Today, we started up a second – smaller – batch of mead.
I documented our first attempt, throughout the process, which you can revisit at the following links (they will open new tabs, so you won’t lose your place. 🙂 )
In doing some research, I found one site that mentioned honey not having enough nutrients for the yeast, and the need to add a yeast nutrient. I do find that a bit odd, since mead has been made with just honey, water and wild yeasts for thousands of years, but hey, I’ll take what advice I can get! It also mentioned using an yeast energizer, and an acid blend. ???
This morning, I stopped by the brewing supply store in town to ask about it. I was fortunate in my timing, as the person who was working today makes mead! Only fruit mead, though, which is called a melomel. When I mentioned our mead stopped fermenting, and that I’d read honey didn’t provide enough nutrients on its own, we got to talking about how the fruit would help with that.
I also told her about how our virtually alcohol free mead we’d made left my daughters feeling ill after drinking it (though I never felt any negative effects). She was surprised by that. This shouldn’t happen. I’ve done a lot of searches on the subject, but they all talk about whether or not mead can go bad, after it’s been bottled. Nothing about whether mead can go bad at the start. Even the trouble shooting sites I’ve found talk about what to do if the fermentation stops (which is something we missed, partly because of where the carboy was tucked away, with the airlock difficult to see), but nothing about the resulting mead actually going bad.
The yeast nutrient was something she got for me, but when I brought up the yeast energizer, she said that if I’ve got the nutrient, the energizer isn’t needed. When talking about using fruit, she said that it’s best to use frozen fruit.
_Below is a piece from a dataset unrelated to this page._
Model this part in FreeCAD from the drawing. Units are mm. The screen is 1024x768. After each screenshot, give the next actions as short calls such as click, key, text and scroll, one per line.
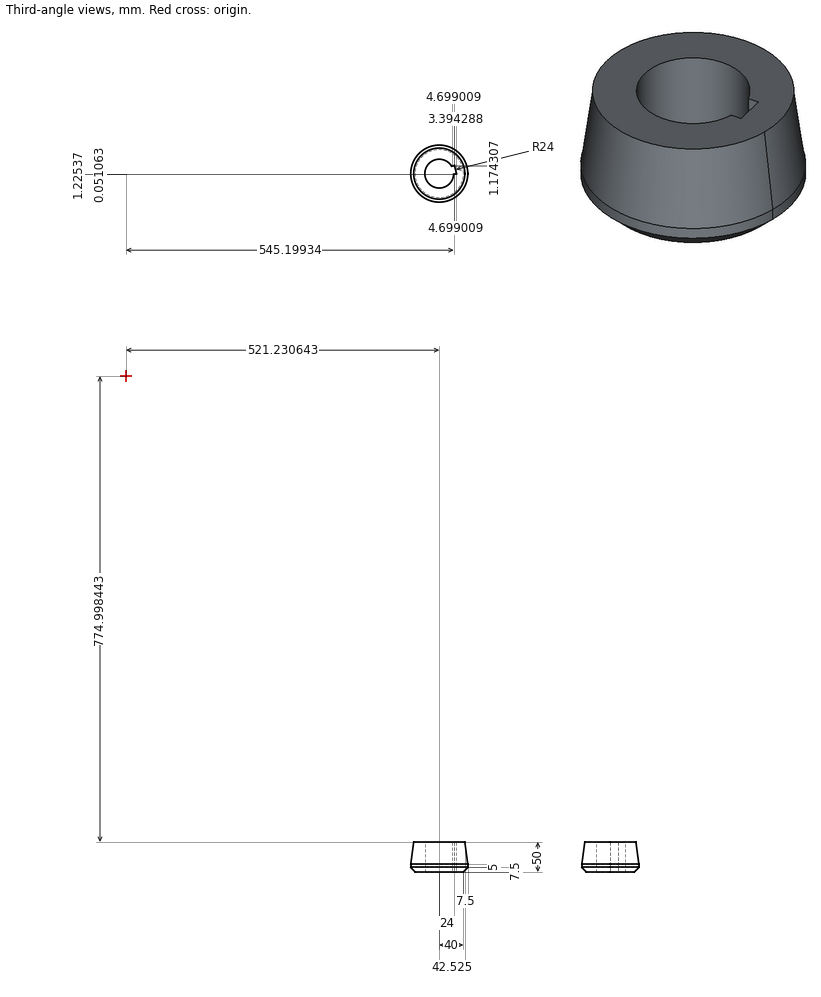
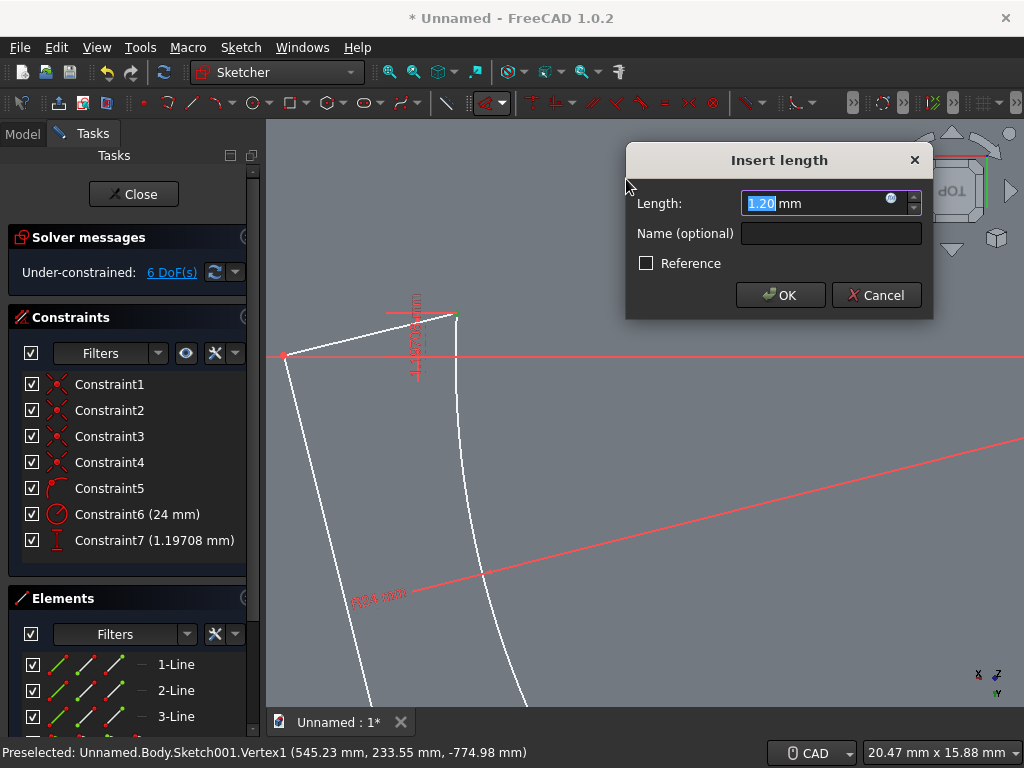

The freezing kills off any bacteria that might be on them, and changes the skins, making the sugars better available to the yeasts. I told her we’ve got some of our own cherries and chokecherries in the freezer, so she described how she puts the frozen berries on the bottom of her primary fermentation bucket to thaw, mushing it up with her hands the next day, then making the must with it already there. She also recommended using pectic enzymes, which would be sprinkled over the fruit as it’s thawing, and even gave me a little spoon full to try! Very little is needed. As for the acid blend, she said that’s really just a matter of taste, so it’s not needed.
We won’t be trying it with fruit this time, though. We still want to get a basic mead down, first, and then we will experiment with fruits and spices.
By the time I left, I had the yeast enzyme, some more sanitizer powder, a smaller bung for the air lock (the one we already have is for a 5 gallon carboy), plus a new siphon. While in the store, waiting my turn, I saw an auto-siphon in a partially cleaned carboy, and had to ask if they had any in stock. The gravity only siphon we have was such a pain to switch from bottle to bottle! Thankfully, it wasn’t expensive, so I could get that right away, too.
At least the supplies are cheap. The honey itself is the most expensive thing.
So here are the things we changed up for this batch.
The first, most obvious change is using a 1 gallon carboy instead of a 5 gallon one. For this amount, about 2-3 pounds of honey is needed. When we made 5 gallons, we used a 5 kilo bucket of honey, which works out to about 11 pounds. The suggested amount was for up to 13 pounds. I’m sure we were a bit under 5 gallons total the first time, but not by much, so at about 3 pounds of honey in a gallon of must, the honey to water ratio is higher this time.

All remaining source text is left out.